Output all entries verbatim. Skip pictures.

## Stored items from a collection
=== Begin Enclosure ===

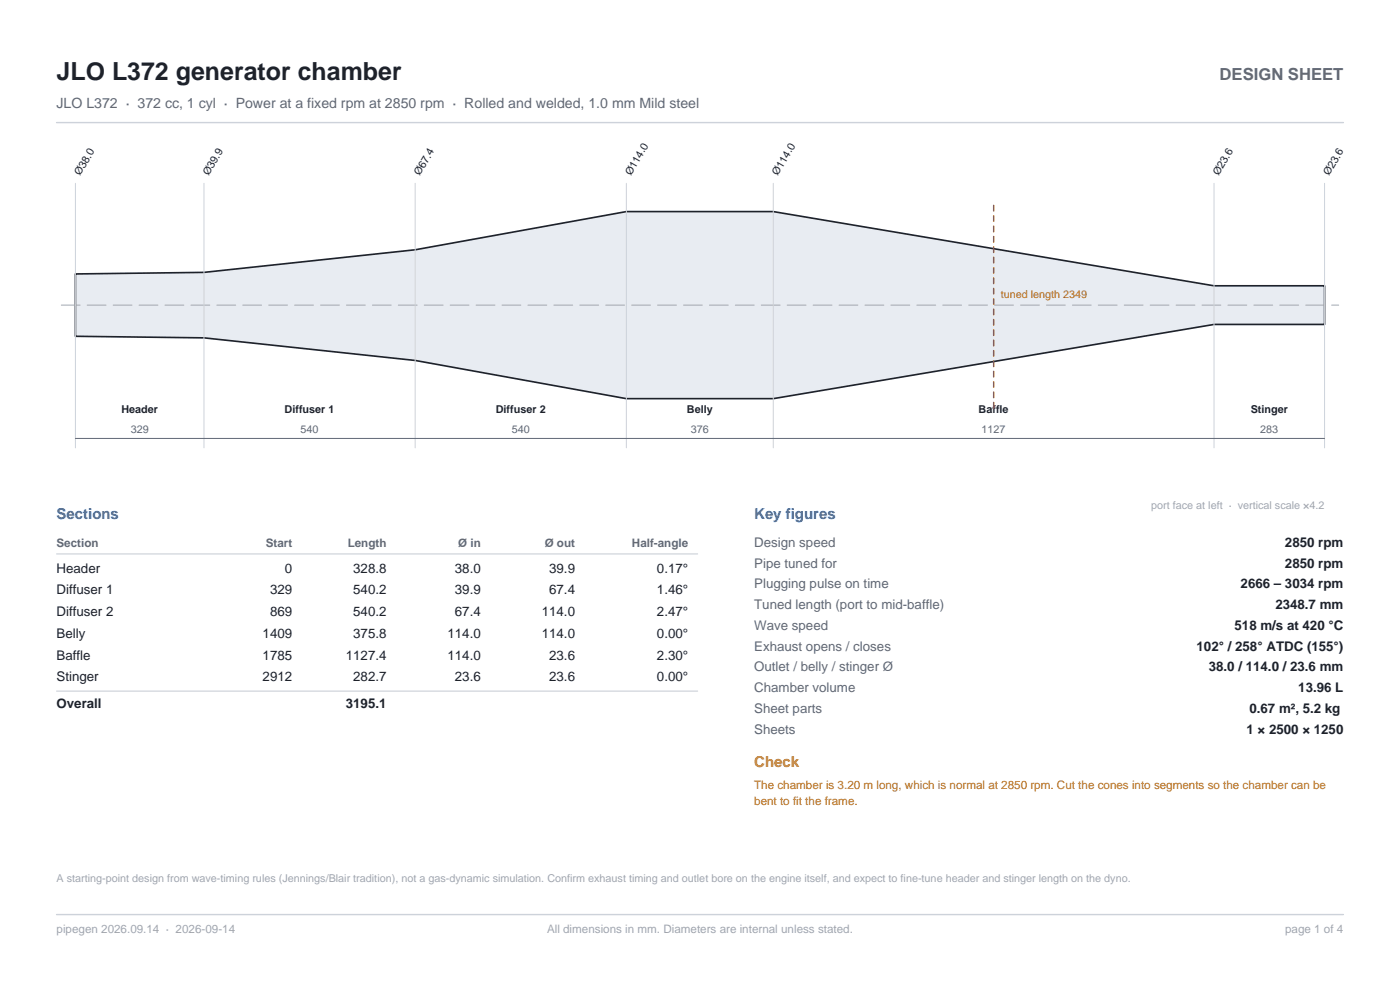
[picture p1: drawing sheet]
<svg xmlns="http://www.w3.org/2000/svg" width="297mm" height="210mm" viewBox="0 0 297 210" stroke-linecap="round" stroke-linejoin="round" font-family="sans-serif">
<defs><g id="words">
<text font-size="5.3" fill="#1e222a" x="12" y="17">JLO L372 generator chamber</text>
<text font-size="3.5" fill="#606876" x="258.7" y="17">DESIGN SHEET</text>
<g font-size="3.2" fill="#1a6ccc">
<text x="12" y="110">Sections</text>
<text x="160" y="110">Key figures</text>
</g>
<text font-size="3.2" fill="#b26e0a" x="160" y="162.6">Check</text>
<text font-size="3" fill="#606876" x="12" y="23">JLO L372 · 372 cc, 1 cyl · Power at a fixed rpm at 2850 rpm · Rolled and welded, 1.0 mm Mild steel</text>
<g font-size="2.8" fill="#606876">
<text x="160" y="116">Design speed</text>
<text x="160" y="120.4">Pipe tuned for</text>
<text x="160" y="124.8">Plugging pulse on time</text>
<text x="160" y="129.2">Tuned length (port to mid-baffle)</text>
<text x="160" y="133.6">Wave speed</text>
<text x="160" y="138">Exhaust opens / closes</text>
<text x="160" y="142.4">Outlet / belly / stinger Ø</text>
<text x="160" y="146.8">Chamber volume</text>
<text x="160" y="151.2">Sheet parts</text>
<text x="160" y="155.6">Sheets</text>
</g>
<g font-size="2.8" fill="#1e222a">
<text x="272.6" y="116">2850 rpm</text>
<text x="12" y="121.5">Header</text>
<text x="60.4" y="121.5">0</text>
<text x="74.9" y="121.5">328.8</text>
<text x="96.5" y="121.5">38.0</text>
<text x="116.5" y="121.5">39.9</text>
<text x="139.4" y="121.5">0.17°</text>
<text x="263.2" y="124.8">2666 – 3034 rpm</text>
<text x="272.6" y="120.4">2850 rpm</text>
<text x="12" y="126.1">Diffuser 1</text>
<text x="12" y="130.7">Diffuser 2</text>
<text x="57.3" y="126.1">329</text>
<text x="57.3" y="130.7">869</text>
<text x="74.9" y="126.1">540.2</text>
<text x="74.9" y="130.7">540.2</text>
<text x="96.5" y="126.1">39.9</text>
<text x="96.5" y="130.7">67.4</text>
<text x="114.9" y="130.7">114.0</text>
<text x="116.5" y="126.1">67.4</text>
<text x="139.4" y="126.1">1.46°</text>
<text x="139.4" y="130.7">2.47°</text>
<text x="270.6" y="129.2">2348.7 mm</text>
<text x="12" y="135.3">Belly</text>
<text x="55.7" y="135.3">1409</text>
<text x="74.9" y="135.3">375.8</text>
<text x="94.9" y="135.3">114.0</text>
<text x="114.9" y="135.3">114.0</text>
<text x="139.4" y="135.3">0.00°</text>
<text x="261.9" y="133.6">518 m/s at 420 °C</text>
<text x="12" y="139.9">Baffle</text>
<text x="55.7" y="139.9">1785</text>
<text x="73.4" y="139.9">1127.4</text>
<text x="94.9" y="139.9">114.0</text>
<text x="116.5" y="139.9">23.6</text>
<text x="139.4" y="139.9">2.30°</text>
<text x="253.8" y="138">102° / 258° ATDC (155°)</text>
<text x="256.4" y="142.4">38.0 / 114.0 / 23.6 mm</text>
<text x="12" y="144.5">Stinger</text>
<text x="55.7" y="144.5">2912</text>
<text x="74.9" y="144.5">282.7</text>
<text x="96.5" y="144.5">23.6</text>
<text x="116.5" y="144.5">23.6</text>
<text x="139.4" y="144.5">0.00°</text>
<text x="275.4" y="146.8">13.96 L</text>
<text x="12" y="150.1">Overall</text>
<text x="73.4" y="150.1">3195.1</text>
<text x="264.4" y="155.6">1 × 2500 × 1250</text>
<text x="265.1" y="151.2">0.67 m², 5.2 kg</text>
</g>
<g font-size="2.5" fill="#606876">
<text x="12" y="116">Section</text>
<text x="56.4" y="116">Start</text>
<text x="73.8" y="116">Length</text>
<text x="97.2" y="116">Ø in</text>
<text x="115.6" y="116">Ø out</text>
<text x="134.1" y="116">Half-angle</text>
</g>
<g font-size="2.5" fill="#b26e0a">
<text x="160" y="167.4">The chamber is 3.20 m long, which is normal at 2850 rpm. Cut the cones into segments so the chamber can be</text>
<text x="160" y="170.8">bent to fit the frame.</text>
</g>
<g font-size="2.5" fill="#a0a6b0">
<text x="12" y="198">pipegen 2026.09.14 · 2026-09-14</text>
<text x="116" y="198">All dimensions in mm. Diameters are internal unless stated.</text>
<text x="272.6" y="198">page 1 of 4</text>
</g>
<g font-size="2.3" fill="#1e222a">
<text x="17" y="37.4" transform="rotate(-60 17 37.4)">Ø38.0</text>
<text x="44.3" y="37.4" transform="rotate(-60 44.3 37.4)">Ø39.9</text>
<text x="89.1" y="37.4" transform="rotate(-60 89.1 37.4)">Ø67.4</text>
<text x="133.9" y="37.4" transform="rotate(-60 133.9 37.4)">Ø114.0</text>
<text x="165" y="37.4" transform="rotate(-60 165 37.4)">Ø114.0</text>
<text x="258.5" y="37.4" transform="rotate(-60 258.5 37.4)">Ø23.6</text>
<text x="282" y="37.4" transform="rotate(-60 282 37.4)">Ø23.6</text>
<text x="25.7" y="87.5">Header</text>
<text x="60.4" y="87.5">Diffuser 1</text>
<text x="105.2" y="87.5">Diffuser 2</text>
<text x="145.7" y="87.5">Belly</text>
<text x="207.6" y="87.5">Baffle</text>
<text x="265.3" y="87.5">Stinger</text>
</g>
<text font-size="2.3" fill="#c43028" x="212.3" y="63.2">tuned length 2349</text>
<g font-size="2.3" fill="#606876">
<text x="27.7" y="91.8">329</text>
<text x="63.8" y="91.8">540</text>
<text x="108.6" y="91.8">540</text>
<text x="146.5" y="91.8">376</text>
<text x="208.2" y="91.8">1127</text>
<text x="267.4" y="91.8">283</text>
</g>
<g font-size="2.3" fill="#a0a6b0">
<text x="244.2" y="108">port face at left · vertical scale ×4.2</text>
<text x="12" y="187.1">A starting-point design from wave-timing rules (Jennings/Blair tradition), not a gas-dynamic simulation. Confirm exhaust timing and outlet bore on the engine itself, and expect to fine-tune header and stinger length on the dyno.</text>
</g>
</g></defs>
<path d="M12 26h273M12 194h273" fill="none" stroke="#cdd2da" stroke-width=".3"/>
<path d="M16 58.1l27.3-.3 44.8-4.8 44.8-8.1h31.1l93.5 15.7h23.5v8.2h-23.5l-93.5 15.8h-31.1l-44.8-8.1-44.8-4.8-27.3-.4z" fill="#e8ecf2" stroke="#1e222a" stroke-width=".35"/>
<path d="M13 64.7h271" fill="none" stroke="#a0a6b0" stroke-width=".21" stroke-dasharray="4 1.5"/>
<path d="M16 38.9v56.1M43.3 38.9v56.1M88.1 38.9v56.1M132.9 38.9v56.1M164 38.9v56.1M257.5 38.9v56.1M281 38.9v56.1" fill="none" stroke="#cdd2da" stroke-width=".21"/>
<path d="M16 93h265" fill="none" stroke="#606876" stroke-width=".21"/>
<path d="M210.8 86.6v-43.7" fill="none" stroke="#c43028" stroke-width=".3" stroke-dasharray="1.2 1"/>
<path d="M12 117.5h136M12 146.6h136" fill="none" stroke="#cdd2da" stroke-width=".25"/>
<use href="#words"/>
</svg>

=== End Enclosure ===

## Your response
[picture p1: drawing sheet]
<svg xmlns="http://www.w3.org/2000/svg" width="297mm" height="210mm" viewBox="0 0 297 210" stroke-linecap="round" stroke-linejoin="round" font-family="sans-serif">
<defs><g id="words">
<text font-size="5.3" fill="#1e222a" x="12" y="17">JLO L372 generator chamber</text>
<text font-size="3.5" fill="#606876" x="258.7" y="17">DESIGN SHEET</text>
<g font-size="3.2" fill="#1a6ccc">
<text x="12" y="110">Sections</text>
<text x="160" y="110">Key figures</text>
</g>
<text font-size="3.2" fill="#b26e0a" x="160" y="162.6">Check</text>
<text font-size="3" fill="#606876" x="12" y="23">JLO L372 · 372 cc, 1 cyl · Power at a fixed rpm at 2850 rpm · Rolled and welded, 1.0 mm Mild steel</text>
<g font-size="2.8" fill="#606876">
<text x="160" y="116">Design speed</text>
<text x="160" y="120.4">Pipe tuned for</text>
<text x="160" y="124.8">Plugging pulse on time</text>
<text x="160" y="129.2">Tuned length (port to mid-baffle)</text>
<text x="160" y="133.6">Wave speed</text>
<text x="160" y="138">Exhaust opens / closes</text>
<text x="160" y="142.4">Outlet / belly / stinger Ø</text>
<text x="160" y="146.8">Chamber volume</text>
<text x="160" y="151.2">Sheet parts</text>
<text x="160" y="155.6">Sheets</text>
</g>
<g font-size="2.8" fill="#1e222a">
<text x="272.6" y="116">2850 rpm</text>
<text x="12" y="121.5">Header</text>
<text x="60.4" y="121.5">0</text>
<text x="74.9" y="121.5">328.8</text>
<text x="96.5" y="121.5">38.0</text>
<text x="116.5" y="121.5">39.9</text>
<text x="139.4" y="121.5">0.17°</text>
<text x="263.2" y="124.8">2666 – 3034 rpm</text>
<text x="272.6" y="120.4">2850 rpm</text>
<text x="12" y="126.1">Diffuser 1</text>
<text x="12" y="130.7">Diffuser 2</text>
<text x="57.3" y="126.1">329</text>
<text x="57.3" y="130.7">869</text>
<text x="74.9" y="126.1">540.2</text>
<text x="74.9" y="130.7">540.2</text>
<text x="96.5" y="126.1">39.9</text>
<text x="96.5" y="130.7">67.4</text>
<text x="114.9" y="130.7">114.0</text>
<text x="116.5" y="126.1">67.4</text>
<text x="139.4" y="126.1">1.46°</text>
<text x="139.4" y="130.7">2.47°</text>
<text x="270.6" y="129.2">2348.7 mm</text>
<text x="12" y="135.3">Belly</text>
<text x="55.7" y="135.3">1409</text>
<text x="74.9" y="135.3">375.8</text>
<text x="94.9" y="135.3">114.0</text>
<text x="114.9" y="135.3">114.0</text>
<text x="139.4" y="135.3">0.00°</text>
<text x="261.9" y="133.6">518 m/s at 420 °C</text>
<text x="12" y="139.9">Baffle</text>
<text x="55.7" y="139.9">1785</text>
<text x="73.4" y="139.9">1127.4</text>
<text x="94.9" y="139.9">114.0</text>
<text x="116.5" y="139.9">23.6</text>
<text x="139.4" y="139.9">2.30°</text>
<text x="253.8" y="138">102° / 258° ATDC (155°)</text>
<text x="256.4" y="142.4">38.0 / 114.0 / 23.6 mm</text>
<text x="12" y="144.5">Stinger</text>
<text x="55.7" y="144.5">2912</text>
<text x="74.9" y="144.5">282.7</text>
<text x="96.5" y="144.5">23.6</text>
<text x="116.5" y="144.5">23.6</text>
<text x="139.4" y="144.5">0.00°</text>
<text x="275.4" y="146.8">13.96 L</text>
<text x="12" y="150.1">Overall</text>
<text x="73.4" y="150.1">3195.1</text>
<text x="264.4" y="155.6">1 × 2500 × 1250</text>
<text x="265.1" y="151.2">0.67 m², 5.2 kg</text>
</g>
<g font-size="2.5" fill="#606876">
<text x="12" y="116">Section</text>
<text x="56.4" y="116">Start</text>
<text x="73.8" y="116">Length</text>
<text x="97.2" y="116">Ø in</text>
<text x="115.6" y="116">Ø out</text>
<text x="134.1" y="116">Half-angle</text>
</g>
<g font-size="2.5" fill="#b26e0a">
<text x="160" y="167.4">The chamber is 3.20 m long, which is normal at 2850 rpm. Cut the cones into segments so the chamber can be</text>
<text x="160" y="170.8">bent to fit the frame.</text>
</g>
<g font-size="2.5" fill="#a0a6b0">
<text x="12" y="198">pipegen 2026.09.14 · 2026-09-14</text>
<text x="116" y="198">All dimensions in mm. Diameters are internal unless stated.</text>
<text x="272.6" y="198">page 1 of 4</text>
</g>
<g font-size="2.3" fill="#1e222a">
<text x="17" y="37.4" transform="rotate(-60 17 37.4)">Ø38.0</text>
<text x="44.3" y="37.4" transform="rotate(-60 44.3 37.4)">Ø39.9</text>
<text x="89.1" y="37.4" transform="rotate(-60 89.1 37.4)">Ø67.4</text>
<text x="133.9" y="37.4" transform="rotate(-60 133.9 37.4)">Ø114.0</text>
<text x="165" y="37.4" transform="rotate(-60 165 37.4)">Ø114.0</text>
<text x="258.5" y="37.4" transform="rotate(-60 258.5 37.4)">Ø23.6</text>
<text x="282" y="37.4" transform="rotate(-60 282 37.4)">Ø23.6</text>
<text x="25.7" y="87.5">Header</text>
<text x="60.4" y="87.5">Diffuser 1</text>
<text x="105.2" y="87.5">Diffuser 2</text>
<text x="145.7" y="87.5">Belly</text>
<text x="207.6" y="87.5">Baffle</text>
<text x="265.3" y="87.5">Stinger</text>
</g>
<text font-size="2.3" fill="#c43028" x="212.3" y="63.2">tuned length 2349</text>
<g font-size="2.3" fill="#606876">
<text x="27.7" y="91.8">329</text>
<text x="63.8" y="91.8">540</text>
<text x="108.6" y="91.8">540</text>
<text x="146.5" y="91.8">376</text>
<text x="208.2" y="91.8">1127</text>
<text x="267.4" y="91.8">283</text>
</g>
<g font-size="2.3" fill="#a0a6b0">
<text x="244.2" y="108">port face at left · vertical scale ×4.2</text>
<text x="12" y="187.1">A starting-point design from wave-timing rules (Jennings/Blair tradition), not a gas-dynamic simulation. Confirm exhaust timing and outlet bore on the engine itself, and expect to fine-tune header and stinger length on the dyno.</text>
</g>
</g></defs>
<path d="M12 26h273M12 194h273" fill="none" stroke="#cdd2da" stroke-width=".3"/>
<path d="M16 58.1l27.3-.3 44.8-4.8 44.8-8.1h31.1l93.5 15.7h23.5v8.2h-23.5l-93.5 15.8h-31.1l-44.8-8.1-44.8-4.8-27.3-.4z" fill="#e8ecf2" stroke="#1e222a" stroke-width=".35"/>
<path d="M13 64.7h271" fill="none" stroke="#a0a6b0" stroke-width=".21" stroke-dasharray="4 1.5"/>
<path d="M16 38.9v56.1M43.3 38.9v56.1M88.1 38.9v56.1M132.9 38.9v56.1M164 38.9v56.1M257.5 38.9v56.1M281 38.9v56.1" fill="none" stroke="#cdd2da" stroke-width=".21"/>
<path d="M16 93h265" fill="none" stroke="#606876" stroke-width=".21"/>
<path d="M210.8 86.6v-43.7" fill="none" stroke="#c43028" stroke-width=".3" stroke-dasharray="1.2 1"/>
<path d="M12 117.5h136M12 146.6h136" fill="none" stroke="#cdd2da" stroke-width=".25"/>
<use href="#words"/>
</svg>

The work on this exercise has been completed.